A probabilistic approach to niche-based community models for spatial forecasts of assemblage properties and their uncertainties

Pellissier, Loïc, et al. “A probabilistic approach to niche‐based community models for spatial forecasts of assemblage properties and their uncertainties.” Journal of Biogeography 40.10 (2013): 1939-1946.


 

Species distribution models (SDMs) are typically developed for a single species, because most of the time the goal is to predict habitat suitability for the occurrence of a single species. However, could there be more information about latent environmental traits, or about the probability of species occurrence in data on the presences of other species? Probably. These authors investigated an approach to predict uncertainty in predictions of community properties from stacked species distribution models.

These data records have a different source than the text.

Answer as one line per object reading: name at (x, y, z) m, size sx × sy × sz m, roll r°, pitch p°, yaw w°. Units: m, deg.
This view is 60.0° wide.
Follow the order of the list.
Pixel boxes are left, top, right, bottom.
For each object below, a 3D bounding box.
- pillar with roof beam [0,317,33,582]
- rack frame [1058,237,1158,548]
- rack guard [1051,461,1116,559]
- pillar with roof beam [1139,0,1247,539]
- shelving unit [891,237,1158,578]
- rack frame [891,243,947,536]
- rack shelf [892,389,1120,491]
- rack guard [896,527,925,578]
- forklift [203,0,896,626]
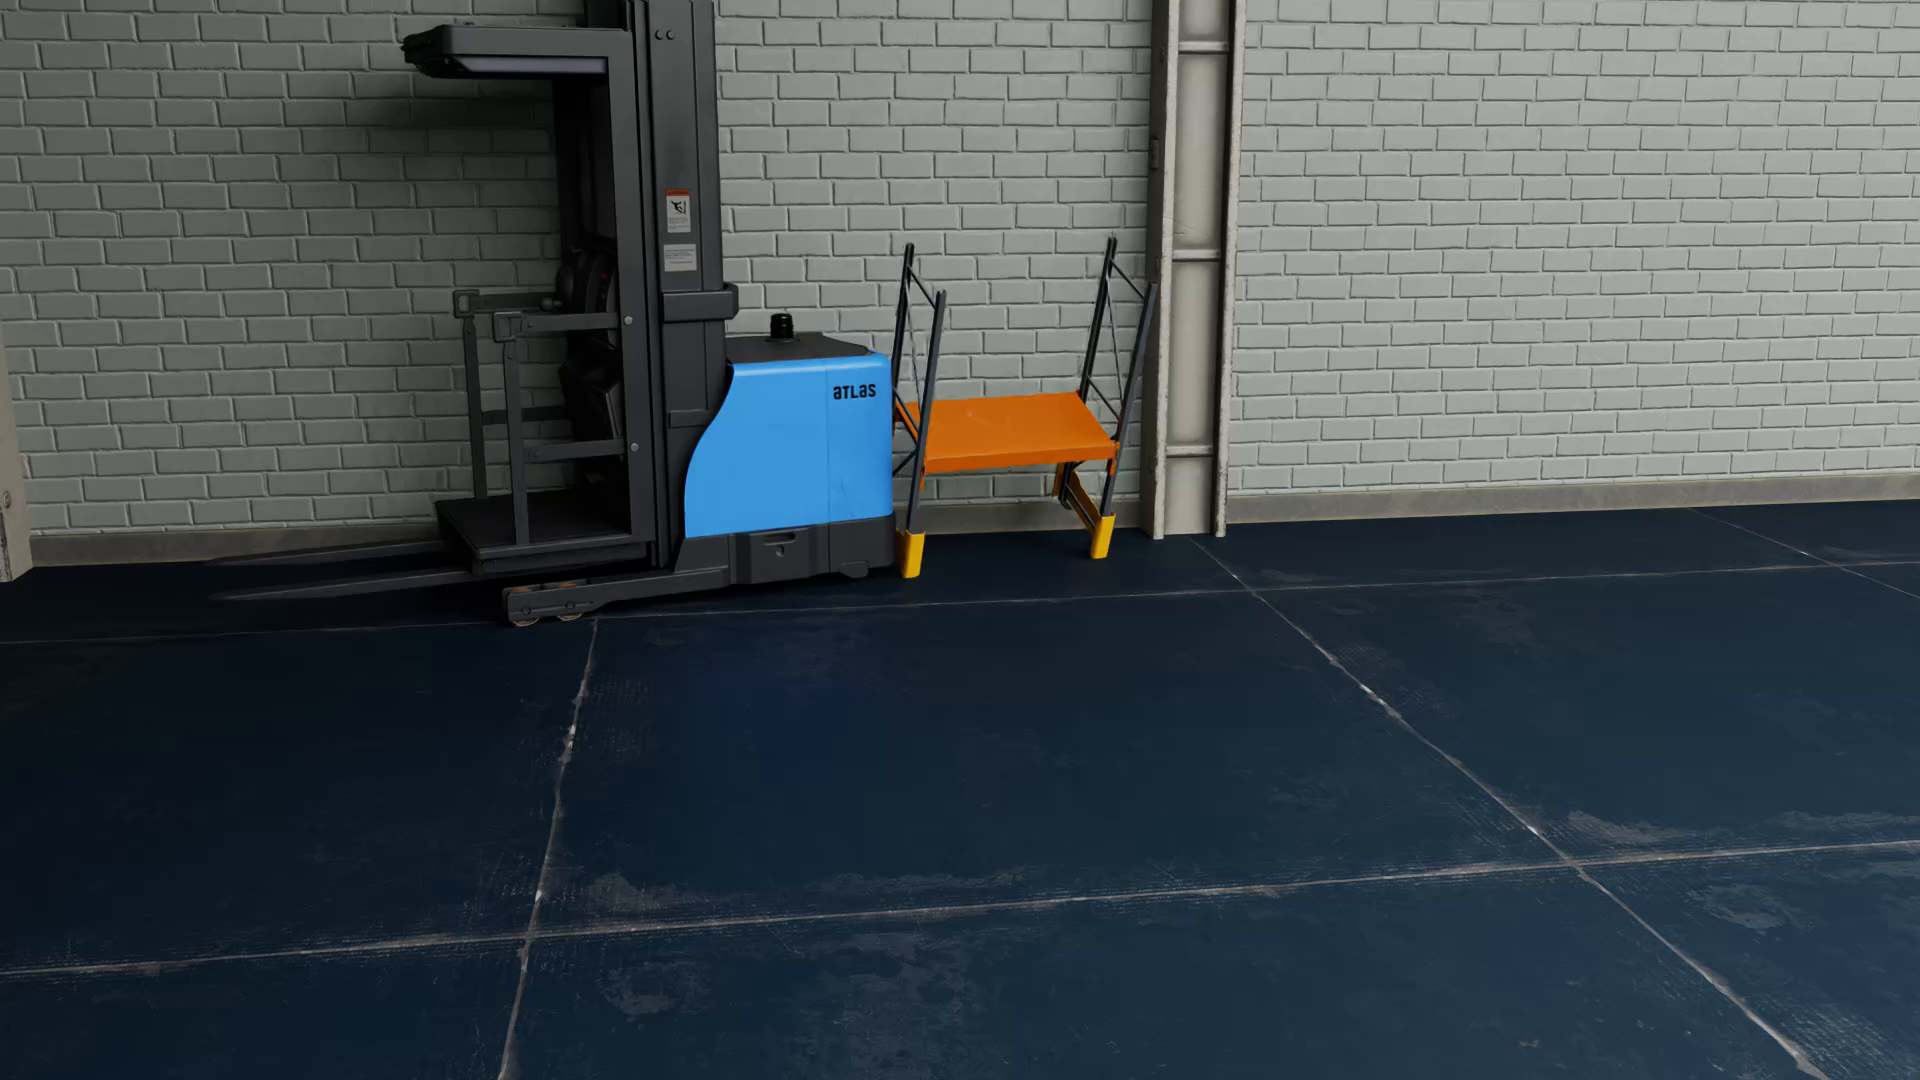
pillar with roof beam at (-4.104, -3.161, 2.825) m, size 0.400 × 9.000 × 9.100 m, roll -2°, pitch 14°, yaw -8°
rack frame at (0.706, -0.686, 8.133) m, size 0.032 × 1.500 × 0.500 m, roll -5°, pitch 37°, yaw -20°
rack guard at (0.625, -0.177, 8.486) m, size 0.087 × 0.250 × 0.587 m, roll -5°, pitch 37°, yaw -20°
pillar with roof beam at (1.829, -3.378, 3.692) m, size 0.400 × 9.000 × 9.100 m, roll -2°, pitch 14°, yaw -8°
shelving unit at (0.238, -0.642, 7.964) m, size 1.083 × 1.500 × 0.587 m, roll -5°, pitch 37°, yaw -20°
rack frame at (-0.247, -0.597, 7.789) m, size 0.032 × 1.500 × 0.500 m, roll -5°, pitch 37°, yaw -20°
rack shelf at (0.206, -0.495, 8.063) m, size 1.000 × 0.185 × 0.538 m, roll -5°, pitch 37°, yaw -20°
rack guard at (-0.309, -0.089, 8.150) m, size 0.087 × 0.250 × 0.587 m, roll -5°, pitch 37°, yaw -20°
forklift at (-1.864, -1.193, 7.452) m, size 3.031 × 2.935 × 1.130 m, roll -7°, pitch 16°, yaw -25°

Stacked species distribution models are simply a set of independently trained species distribution models that are then laid on top of one another to predict community composition or species richness across a landscape. They don’t incorporate co-occurrence data directly, which is a flaw in my opinion, and this is recognized and has been tackled in other papers. To assess the ability of stacked SDMs to predict species richness, the authors compared a hard threshold approach (each binary SDM was converted into presence-absence predictions, the sum of the predicted presences formed the species richness in a given cell), and a probabilistic approach (each SDM predicted a probability, and these probabilities were compared relative to a 10,000 draws from a binomial distribution). The latter approach resulted in a stronger correlation between expected and observed species richness values. Further, the authors argue that this approach gets at uncertainty in model predictions, by using the variability from the 10,000 draws to get at uncertainty. This demonstrates the utility in considering community context in species distribution modeling. Methods directly incorporating information on co-occurring species will likely provide an even better view of the realized niche of species, or of community composition across a landscape.